En application de l’article 700 1° du code de procédure civile, le juge condamne la partie tenue aux dépens ou qui perd son procès à payer à l’autre partie la somme qu’il détermine au titre des frais exposés et non compris dans les dépens. Le juge tient compte de l’équité ou de la situation économique de la partie condamnée.
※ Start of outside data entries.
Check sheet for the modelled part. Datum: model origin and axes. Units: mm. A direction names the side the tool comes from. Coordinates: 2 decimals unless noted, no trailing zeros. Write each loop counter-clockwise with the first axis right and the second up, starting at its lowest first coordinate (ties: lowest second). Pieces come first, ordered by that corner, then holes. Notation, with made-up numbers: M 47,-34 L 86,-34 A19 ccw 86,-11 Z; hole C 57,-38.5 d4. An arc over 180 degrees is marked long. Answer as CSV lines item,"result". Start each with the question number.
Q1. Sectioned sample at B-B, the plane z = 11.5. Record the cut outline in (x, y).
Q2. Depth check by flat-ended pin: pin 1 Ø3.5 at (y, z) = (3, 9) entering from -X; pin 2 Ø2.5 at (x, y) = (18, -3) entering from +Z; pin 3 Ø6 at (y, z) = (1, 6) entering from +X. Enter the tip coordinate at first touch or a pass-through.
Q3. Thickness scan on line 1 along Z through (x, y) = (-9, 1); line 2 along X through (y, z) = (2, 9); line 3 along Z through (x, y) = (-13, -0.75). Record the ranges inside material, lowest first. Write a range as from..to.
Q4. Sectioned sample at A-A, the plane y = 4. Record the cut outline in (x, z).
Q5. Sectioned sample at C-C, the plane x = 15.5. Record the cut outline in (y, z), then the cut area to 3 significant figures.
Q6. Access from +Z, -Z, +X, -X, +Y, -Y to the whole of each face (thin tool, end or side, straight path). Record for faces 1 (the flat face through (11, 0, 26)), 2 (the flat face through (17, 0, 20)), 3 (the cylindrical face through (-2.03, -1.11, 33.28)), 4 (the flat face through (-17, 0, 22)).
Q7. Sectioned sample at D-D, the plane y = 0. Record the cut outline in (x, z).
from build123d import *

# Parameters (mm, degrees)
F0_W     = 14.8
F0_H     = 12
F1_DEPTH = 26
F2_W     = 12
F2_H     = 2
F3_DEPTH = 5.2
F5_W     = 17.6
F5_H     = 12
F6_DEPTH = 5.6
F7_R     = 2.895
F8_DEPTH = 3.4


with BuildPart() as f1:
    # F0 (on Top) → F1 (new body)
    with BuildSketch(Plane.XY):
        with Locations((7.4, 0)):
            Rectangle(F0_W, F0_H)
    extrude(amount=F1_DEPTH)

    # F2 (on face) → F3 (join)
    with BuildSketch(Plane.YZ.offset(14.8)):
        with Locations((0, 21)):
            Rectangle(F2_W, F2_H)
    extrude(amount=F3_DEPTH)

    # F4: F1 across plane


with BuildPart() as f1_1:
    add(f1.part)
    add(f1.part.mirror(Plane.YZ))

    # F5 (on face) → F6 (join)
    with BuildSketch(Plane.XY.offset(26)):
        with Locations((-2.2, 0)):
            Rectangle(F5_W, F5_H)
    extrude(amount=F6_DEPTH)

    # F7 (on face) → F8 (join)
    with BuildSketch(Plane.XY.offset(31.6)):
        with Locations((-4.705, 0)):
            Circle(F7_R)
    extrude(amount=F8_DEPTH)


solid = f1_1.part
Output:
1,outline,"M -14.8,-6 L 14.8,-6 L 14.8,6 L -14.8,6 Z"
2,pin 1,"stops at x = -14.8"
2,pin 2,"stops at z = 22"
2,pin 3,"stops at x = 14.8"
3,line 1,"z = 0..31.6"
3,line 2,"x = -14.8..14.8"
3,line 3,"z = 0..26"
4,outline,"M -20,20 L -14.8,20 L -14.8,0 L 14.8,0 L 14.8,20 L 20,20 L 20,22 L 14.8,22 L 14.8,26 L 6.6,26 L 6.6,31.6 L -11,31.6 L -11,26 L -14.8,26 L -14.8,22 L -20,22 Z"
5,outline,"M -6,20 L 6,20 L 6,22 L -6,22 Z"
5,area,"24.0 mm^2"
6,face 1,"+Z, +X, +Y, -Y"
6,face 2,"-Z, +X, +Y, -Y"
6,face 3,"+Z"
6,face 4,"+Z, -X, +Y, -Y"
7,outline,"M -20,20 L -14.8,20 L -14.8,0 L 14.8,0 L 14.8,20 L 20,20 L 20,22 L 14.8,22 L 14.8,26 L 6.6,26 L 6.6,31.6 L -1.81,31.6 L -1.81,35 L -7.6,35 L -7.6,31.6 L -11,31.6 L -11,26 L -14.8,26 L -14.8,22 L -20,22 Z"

Il peut, même d’office, pour des raisons tirées des mêmes considérations, dire qu’il n’y a lieu à condamnation.
En l’espèce, l’équité commande de ne pas allouer d’indemnité à ce titre.
Ainsi, Madame [F] [N] sera déboutée de sa demande de condamnation de Madame [P] [W] au paiement d’une somme de 1 500€ sur le fondement des dispositions de l’article 700 du code de procédure civile.
En application des dispositions de l’article 514 du code de procédure civile, la présente décision est de droit exécutoire à titre provisoire.
PAR CES MOTIFS,
Le magistrat à titre temporaire statuant en qualité de juge des contentieux de la protection, statuant par mise à disposition au greffe, par jugement contradictoire et en premier ressort,
DECLARE nul le congé pour reprise donné le 11/07/2022 à Madame [P] [W] par Madame [F] [N] comme n’ayant pas été valablement délivré ;
DECLARE recevable l’assignation délivrée le 14/12/2023 par Madame [F] [N] à Madame [P] [W] ;
PRONONCE subsidiairement la résiliation du bail signé le 10/03/2011 avec effet au 15/03/2011, conclu entre Monsieur et Madame [F] [N] d’une part et Madame [P] [W] d’autre part, pour l’appartement de type 3, avec garage, sis [Adresse 3] à [Localité 7] au 3è étage, à compter du présent jugement ;
ACCORDE à Madame [P] [W] au titre de sa demande infiniment subsidiaire, un délai de six mois avant la mise en œuvre de son expulsion sur le fondement des articles L412-3 et L412-4 du code des procédures civiles d’exécution ;
ORDONNE en conséquence à Madame [P] [W] de libérer les lieux et de restituer les clés dans le délai de six mois à compter de la signification du présent jugement ;
DIT qu’à défaut pour Madame [P] [W] d’avoir volontairement libéré les lieux et restitué les clés dans ce délai, Madame [F] [N] pourra, deux mois après la signification d’un commandement de quitter les lieux, faire procéder à son expulsion ainsi qu’à celle de tous occupants de son chef, y compris le cas échéant avec le concours d’un serrurier et de la force publique ;
CONDAMNE Madame [P] [W] à verser à Madame [F] [N] une indemnité mensuelle d’occupation, d’un montant équivalent à celui du loyer et des charges, tel qu’il aurait été si le contrat s’était poursuivi, soit la somme de 868,08€ révisable, à compter du 9/12/2024 et jusqu’à la date de libération effective des lieux, caractérisée par la restitution des clés ;
DEBOUTE Madame [F] [N] de sa demande de paiement de la somme 6 680€ arrêtée au 16/04/2024 selon décompte fourni au titre des loyers et charges impayés, mensualité d’avril 2024 incluse, cette dette étant en cours de traitement par la commission de surendettement des particuliers de la Haute-Garonne qui a déclaré recevable le dossier de Madame [P] [W] et qui a décidé de l’orienter vers un rétablissement personnel sans liquidation judiciaire le 26/09/2024 ;
DEBOUTE Madame [P] [W] de sa demande, à titre infiniment subsidiaire, de délais sollicités pour apurer sa dette en application des dispositions de l’article 1343-5 du Code civil, celle-ci étant devenu sans objet ;
DEBOUTE Madame [F] [N] de sa demande de condamnation de Madame [P] [W] à lui payer la somme de 6 500€ à titre de dommages et intérêts ;
DIT n’y avoir lieu à indemnisation au titre de l’article 700 du code de procédure civile, les frais irrépétibles restant à la charge respective des parties ;
DEBOUTE Madame [F] [N] de sa demande de condamnation de Madame [P] [W] au paiement d’une somme de 1 500€ sur le fondement des dispositions de l’article 700 du code de procédure civile ;
REJETTE toutes demandes plus amples ou contraires ;
CONDAMNE Madame [P] [W] au paiement des dépens ;
RAPPELLE que le présent jugement est exécutoire de droit à titre provisoire.